There ways to determine the Core Value(s) for any of the 29 degrees of the Scottish Rite: check the script to see if the values are named, look the values up in the NMJ Degrees Core Values 2019 file included in the Hauts Grades Academy resources center, or read the text/script of a degree and determine for one’s self which values are being addressed. Obviously, the first two methods should consistently be in agreement with each other. The third method, however, may result in different values or additional values being added based on the reader’s interpretation of the degree.
The 20th degree, Master Ad Vitam (2007 version), is an example of this. No specific Core Value is addressed by name in the degree’s script, but on the NMJ Degrees Core Values 2019 checklist, Devotion to Country and Integrity are marked as the specific Core Values of the degree. However, in conducting a personal review of the degree’s script, it would seem a third Core Value should be included that is not only clearly identifiable but perhaps the most strongly expressed value in the script: Justice.

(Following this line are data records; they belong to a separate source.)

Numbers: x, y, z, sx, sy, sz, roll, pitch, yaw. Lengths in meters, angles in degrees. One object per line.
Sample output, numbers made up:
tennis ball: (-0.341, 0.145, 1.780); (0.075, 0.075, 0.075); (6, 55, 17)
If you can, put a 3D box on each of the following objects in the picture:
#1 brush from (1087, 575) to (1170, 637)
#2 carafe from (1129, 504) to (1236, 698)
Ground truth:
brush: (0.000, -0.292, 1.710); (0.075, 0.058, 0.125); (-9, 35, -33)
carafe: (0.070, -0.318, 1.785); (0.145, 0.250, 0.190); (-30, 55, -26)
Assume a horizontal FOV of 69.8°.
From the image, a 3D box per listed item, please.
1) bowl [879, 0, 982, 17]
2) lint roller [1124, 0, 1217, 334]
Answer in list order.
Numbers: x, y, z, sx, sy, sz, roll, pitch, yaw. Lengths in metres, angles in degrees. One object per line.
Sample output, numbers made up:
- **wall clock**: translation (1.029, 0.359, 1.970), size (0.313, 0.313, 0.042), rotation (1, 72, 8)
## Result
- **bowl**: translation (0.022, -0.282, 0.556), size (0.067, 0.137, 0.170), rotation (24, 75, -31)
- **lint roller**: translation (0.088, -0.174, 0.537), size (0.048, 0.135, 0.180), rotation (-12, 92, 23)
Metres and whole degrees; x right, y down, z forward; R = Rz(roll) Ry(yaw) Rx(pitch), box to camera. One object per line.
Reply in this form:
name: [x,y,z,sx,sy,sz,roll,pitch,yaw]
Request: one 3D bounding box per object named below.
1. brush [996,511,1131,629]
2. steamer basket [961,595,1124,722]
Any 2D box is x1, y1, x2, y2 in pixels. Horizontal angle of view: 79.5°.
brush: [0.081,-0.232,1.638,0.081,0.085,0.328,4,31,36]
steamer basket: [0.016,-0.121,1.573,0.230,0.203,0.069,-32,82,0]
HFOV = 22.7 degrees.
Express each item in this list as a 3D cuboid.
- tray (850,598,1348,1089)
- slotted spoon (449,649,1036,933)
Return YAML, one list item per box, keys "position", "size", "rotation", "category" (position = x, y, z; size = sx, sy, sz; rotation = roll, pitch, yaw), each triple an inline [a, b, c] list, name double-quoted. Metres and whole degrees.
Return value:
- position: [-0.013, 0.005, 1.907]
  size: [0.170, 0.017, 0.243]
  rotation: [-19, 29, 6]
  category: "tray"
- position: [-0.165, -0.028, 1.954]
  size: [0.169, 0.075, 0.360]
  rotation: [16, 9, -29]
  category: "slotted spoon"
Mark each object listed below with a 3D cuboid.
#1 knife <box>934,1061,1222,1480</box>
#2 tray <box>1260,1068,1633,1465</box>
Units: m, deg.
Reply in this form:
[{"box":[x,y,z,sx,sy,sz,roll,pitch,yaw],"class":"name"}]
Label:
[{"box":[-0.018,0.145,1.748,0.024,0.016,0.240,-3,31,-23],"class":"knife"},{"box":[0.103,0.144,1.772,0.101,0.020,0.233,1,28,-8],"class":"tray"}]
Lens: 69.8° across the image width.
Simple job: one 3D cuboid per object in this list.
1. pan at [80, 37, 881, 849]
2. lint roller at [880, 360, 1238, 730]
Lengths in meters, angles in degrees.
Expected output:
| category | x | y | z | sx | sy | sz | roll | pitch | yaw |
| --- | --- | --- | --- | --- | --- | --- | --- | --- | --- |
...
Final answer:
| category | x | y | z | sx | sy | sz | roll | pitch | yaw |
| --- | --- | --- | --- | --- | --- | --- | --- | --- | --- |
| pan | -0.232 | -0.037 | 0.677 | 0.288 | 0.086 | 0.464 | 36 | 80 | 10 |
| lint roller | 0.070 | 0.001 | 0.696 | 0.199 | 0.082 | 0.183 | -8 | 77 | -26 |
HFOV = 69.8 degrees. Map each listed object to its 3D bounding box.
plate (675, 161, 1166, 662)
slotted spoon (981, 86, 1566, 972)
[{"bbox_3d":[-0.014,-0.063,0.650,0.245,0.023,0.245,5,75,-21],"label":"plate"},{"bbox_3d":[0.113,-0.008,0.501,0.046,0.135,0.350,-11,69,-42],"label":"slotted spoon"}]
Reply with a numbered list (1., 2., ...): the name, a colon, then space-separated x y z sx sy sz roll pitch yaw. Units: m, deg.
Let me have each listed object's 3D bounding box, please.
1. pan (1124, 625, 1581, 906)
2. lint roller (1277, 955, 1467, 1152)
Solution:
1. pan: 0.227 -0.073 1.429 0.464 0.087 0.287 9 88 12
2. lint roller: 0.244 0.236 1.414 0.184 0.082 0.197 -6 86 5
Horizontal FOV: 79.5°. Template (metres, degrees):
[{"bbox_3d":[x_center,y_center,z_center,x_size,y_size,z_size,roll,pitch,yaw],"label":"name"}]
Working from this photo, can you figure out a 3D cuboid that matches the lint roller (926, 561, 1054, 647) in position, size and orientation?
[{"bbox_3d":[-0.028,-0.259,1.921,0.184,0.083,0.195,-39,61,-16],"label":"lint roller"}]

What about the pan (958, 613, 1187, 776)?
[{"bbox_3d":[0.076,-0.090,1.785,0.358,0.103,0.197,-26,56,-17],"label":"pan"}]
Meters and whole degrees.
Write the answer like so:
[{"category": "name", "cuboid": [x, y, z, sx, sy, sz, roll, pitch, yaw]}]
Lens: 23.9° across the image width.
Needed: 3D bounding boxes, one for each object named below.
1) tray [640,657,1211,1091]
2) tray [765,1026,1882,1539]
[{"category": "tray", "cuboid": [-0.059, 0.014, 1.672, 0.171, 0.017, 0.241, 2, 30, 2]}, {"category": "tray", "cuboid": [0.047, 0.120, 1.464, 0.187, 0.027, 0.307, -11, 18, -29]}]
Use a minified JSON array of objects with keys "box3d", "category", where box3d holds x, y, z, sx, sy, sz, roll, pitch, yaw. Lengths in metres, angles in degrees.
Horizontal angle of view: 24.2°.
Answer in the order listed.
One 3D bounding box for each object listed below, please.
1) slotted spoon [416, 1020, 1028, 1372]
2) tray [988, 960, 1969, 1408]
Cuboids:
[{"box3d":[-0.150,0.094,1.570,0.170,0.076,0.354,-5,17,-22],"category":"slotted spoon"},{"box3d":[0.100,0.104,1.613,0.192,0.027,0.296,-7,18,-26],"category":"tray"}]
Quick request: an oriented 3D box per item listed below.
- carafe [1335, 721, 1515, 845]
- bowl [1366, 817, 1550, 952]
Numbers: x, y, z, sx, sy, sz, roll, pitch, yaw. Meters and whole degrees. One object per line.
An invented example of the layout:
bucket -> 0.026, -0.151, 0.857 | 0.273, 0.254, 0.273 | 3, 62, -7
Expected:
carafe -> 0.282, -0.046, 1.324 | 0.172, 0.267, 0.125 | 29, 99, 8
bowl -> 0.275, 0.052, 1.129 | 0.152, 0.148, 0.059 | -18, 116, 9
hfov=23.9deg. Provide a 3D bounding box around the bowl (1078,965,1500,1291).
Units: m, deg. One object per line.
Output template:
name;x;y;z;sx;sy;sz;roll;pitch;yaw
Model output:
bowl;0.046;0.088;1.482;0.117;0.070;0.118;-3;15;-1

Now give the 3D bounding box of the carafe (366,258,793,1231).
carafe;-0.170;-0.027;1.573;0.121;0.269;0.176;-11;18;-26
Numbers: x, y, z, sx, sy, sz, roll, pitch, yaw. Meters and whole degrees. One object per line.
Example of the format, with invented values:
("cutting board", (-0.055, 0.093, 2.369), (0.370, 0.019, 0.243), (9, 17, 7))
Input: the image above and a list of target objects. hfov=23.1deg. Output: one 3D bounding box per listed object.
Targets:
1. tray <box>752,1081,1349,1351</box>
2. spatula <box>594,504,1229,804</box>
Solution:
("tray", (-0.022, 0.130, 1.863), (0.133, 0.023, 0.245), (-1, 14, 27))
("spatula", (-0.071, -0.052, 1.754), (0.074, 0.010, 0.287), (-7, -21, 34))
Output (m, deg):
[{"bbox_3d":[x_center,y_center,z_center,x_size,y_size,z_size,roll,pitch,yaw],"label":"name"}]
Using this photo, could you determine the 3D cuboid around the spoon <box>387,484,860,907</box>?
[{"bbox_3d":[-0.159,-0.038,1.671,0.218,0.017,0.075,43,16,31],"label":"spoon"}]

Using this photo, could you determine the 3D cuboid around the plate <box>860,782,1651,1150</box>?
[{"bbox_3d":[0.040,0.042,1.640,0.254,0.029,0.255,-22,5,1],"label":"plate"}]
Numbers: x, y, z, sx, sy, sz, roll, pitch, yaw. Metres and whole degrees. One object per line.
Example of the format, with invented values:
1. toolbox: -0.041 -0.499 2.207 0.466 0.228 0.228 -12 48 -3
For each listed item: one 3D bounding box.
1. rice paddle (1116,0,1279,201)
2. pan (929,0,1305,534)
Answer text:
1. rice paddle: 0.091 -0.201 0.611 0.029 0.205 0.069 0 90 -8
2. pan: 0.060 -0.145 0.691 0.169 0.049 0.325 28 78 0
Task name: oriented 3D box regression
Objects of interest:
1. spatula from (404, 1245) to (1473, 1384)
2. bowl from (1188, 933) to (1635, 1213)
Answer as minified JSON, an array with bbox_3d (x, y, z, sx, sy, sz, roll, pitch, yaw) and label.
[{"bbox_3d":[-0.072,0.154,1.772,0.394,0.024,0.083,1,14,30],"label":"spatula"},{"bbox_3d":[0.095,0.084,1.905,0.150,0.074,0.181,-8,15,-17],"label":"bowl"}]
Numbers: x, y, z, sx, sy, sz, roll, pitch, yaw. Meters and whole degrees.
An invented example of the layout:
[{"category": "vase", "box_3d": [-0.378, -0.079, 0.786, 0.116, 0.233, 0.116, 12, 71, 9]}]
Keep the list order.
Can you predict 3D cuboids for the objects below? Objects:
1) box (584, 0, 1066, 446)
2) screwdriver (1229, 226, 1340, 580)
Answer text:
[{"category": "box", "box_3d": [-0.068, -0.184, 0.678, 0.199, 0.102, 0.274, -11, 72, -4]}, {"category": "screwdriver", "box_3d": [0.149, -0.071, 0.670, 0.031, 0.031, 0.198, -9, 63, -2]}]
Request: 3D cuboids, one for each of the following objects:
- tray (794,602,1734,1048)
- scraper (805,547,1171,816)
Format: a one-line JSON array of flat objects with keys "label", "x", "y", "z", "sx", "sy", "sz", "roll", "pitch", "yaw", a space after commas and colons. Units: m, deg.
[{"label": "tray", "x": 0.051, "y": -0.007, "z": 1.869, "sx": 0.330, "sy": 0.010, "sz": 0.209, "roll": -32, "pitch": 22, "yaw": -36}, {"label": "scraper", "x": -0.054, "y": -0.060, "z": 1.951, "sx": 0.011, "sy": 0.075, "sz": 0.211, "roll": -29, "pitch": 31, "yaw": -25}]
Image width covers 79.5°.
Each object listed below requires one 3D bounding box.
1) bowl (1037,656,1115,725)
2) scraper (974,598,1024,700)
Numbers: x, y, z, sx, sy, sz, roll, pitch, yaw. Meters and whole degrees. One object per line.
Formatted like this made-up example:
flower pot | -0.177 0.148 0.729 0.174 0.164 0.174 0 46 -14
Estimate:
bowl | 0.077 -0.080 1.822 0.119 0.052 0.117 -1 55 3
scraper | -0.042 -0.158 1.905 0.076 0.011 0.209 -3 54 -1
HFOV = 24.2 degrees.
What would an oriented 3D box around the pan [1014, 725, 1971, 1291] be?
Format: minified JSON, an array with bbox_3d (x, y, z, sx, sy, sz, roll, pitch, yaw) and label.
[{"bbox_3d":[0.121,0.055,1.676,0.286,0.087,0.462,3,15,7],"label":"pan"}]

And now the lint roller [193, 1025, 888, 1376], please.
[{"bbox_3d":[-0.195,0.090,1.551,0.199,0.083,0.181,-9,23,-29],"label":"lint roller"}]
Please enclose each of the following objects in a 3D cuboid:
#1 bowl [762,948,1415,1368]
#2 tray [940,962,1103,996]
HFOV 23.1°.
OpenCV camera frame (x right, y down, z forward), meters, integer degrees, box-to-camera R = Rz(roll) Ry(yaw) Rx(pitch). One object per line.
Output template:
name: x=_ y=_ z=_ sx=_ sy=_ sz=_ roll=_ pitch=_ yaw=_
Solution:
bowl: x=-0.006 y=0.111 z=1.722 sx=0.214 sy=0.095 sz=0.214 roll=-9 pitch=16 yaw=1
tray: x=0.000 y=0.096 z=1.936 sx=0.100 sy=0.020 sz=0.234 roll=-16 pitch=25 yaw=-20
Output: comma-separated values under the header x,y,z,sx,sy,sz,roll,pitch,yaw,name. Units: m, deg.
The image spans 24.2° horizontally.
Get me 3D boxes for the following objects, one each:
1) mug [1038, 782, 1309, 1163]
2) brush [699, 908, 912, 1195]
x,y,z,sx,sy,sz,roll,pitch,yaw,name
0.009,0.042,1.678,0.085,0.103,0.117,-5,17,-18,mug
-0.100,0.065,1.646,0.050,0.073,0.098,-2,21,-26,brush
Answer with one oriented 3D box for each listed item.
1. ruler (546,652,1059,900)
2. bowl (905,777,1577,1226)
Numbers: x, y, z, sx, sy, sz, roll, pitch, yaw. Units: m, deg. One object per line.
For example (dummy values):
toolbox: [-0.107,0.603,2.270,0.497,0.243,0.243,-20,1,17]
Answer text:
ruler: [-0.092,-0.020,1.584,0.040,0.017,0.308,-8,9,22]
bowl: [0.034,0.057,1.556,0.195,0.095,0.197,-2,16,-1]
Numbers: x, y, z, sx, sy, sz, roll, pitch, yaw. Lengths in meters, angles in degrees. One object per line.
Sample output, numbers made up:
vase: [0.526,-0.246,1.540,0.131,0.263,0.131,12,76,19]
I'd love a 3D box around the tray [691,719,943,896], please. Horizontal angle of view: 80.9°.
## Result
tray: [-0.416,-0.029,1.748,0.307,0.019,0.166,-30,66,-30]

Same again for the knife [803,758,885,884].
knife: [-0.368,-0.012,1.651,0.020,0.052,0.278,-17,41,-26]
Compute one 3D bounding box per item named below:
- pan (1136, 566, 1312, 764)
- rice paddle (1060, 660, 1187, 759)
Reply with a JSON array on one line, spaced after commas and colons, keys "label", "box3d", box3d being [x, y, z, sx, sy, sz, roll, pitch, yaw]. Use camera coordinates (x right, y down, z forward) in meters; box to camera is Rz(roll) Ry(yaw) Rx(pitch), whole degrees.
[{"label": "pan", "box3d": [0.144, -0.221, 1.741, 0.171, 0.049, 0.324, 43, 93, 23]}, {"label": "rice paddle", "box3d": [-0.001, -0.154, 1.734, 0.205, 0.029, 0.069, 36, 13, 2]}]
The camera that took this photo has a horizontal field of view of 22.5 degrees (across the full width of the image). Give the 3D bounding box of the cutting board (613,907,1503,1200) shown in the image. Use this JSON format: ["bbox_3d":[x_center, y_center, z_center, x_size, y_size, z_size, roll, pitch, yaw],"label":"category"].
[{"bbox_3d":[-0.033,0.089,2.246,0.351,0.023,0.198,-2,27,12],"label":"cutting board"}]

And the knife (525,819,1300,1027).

The importance of Devotion to Country is clearly outlined throughout the degree in the words of George Washington and other historic figures of the American Revolutionary era— Henry Knox, Israel Putnam, and John Sullivan—during the dramatic, albeit fictitious, meeting that is the 20th degree’s setting. To these men, whose integrity was well established during America’s quest for independence, Benedict Arnold, who appears before them pleading for their forgiveness, represents an antithesis of both devotion and integrity forged from his betrayal of the American Revolutionary cause. And although the tense confrontation that makes up this drama is supposed to be a Masonic meeting and not a courtroom, Washington shifts the meeting’s emphasis more to that of a legal hearing when he puts the lodge “at refreshment” to hear Arnold’s plea.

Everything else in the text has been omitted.